On the day of his release on 23 October, Chan apologised to Poon Hiu-wing's family and the Hong Kong society in general, obliquely referring to the unrest that he ultimately caused in the city, and asked for forgiveness. Reverend Canon Peter Douglas Koon had purchased tickets to accompany Chan to fly to Taiwan on the day of his release, but they were unable to board the flight due to the timing of his release. As the case became a sensitive political issue, Reverend Koon expressed that Chan would delay his surrender to Taiwan until the presidential elections were over. In the meantime, Taiwan's criminal police department have set up an ad hoc group to handle Chan's case in general, and created a special "single window" mechanism to process Chan's visa application, his expected arrival, and other related arrangements. With Taiwan closing its borders to non-residents due to the COVID-19 pandemic, Chan remains in Hong Kong. He was put under police protection that he requested, reportedly until July 2021 as he no longer stays in the police's safe house.

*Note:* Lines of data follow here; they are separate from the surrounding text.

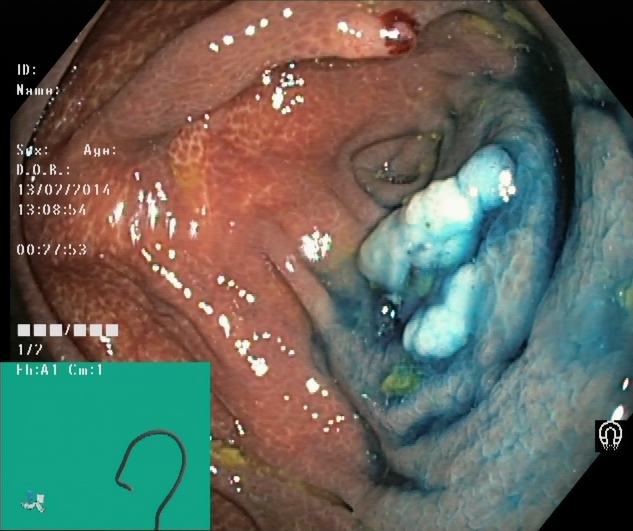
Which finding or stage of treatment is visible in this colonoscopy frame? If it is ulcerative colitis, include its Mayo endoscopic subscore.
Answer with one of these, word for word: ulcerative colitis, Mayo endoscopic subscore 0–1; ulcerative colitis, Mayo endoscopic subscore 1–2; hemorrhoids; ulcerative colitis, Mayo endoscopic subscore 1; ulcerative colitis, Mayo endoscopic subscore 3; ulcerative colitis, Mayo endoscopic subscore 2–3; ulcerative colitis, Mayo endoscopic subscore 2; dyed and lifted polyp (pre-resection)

dyed and lifted polyp (pre-resection)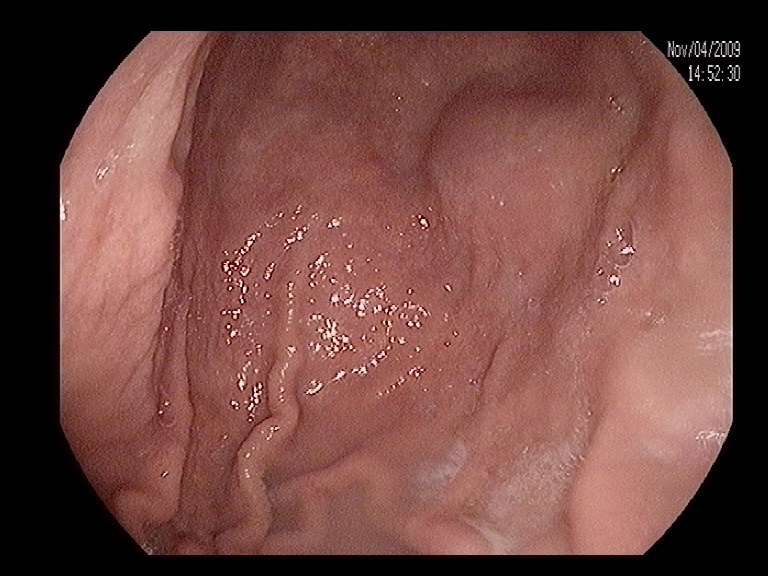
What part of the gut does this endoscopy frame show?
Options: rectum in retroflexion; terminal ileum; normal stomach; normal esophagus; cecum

normal stomach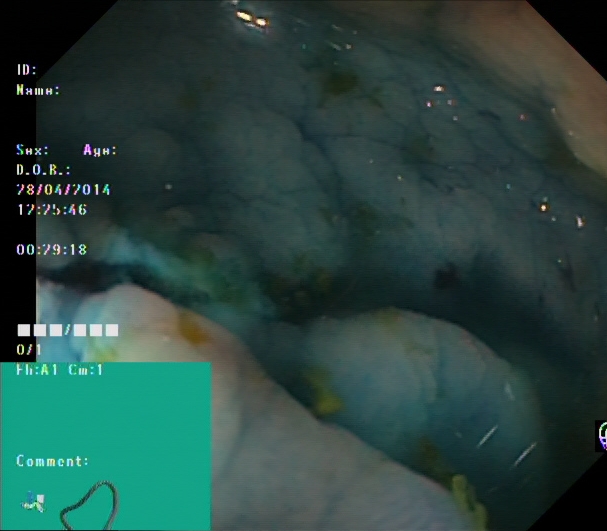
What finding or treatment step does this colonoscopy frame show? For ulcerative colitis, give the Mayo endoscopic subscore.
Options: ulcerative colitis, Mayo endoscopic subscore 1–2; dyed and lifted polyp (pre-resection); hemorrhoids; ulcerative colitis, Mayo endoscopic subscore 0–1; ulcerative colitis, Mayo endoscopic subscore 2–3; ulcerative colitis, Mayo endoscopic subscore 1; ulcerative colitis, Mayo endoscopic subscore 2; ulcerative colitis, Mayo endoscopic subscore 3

dyed and lifted polyp (pre-resection)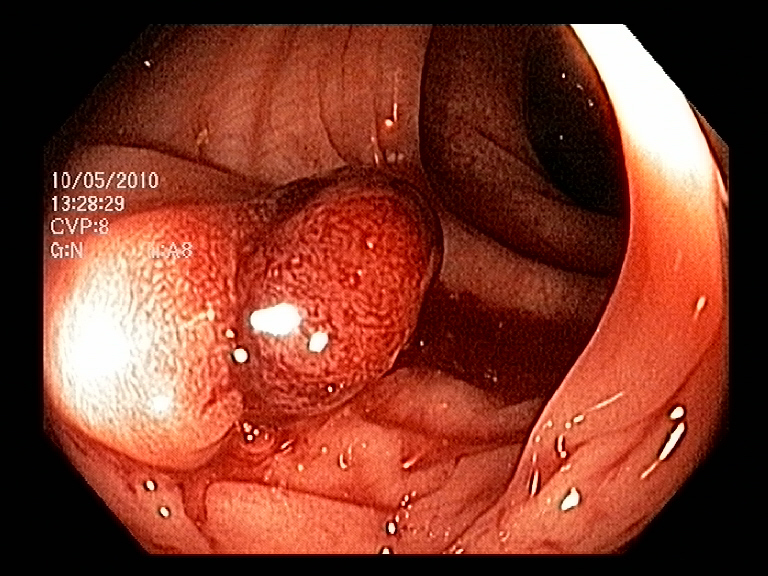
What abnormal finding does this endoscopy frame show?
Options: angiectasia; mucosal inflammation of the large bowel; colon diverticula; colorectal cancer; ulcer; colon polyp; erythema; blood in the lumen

colon polyp

In October 2021, Poon's mother criticized the Democratic Alliance for the Betterment and Progress of Hong Kong (DAB) lawmakers Starry Lee and Holden Chow for "vanishing" on her after holding a press conference in 2019 with her to push forward the 2019 Hong Kong extradition bill. Lee, Chow, Chris Tang, and Raymond Siu all declined to meet with Poon's mother when she invited them to join her for a press conference. In 2022, Peter Koon, now a member of the Election Committee, stated that Chan could not fly to Taiwan as he had been blacklisted by the airlines, and that the Hong Kong government might have to consider extraterritorial jurisdiction to deal with his case now that the extradition bill had been withdrawn.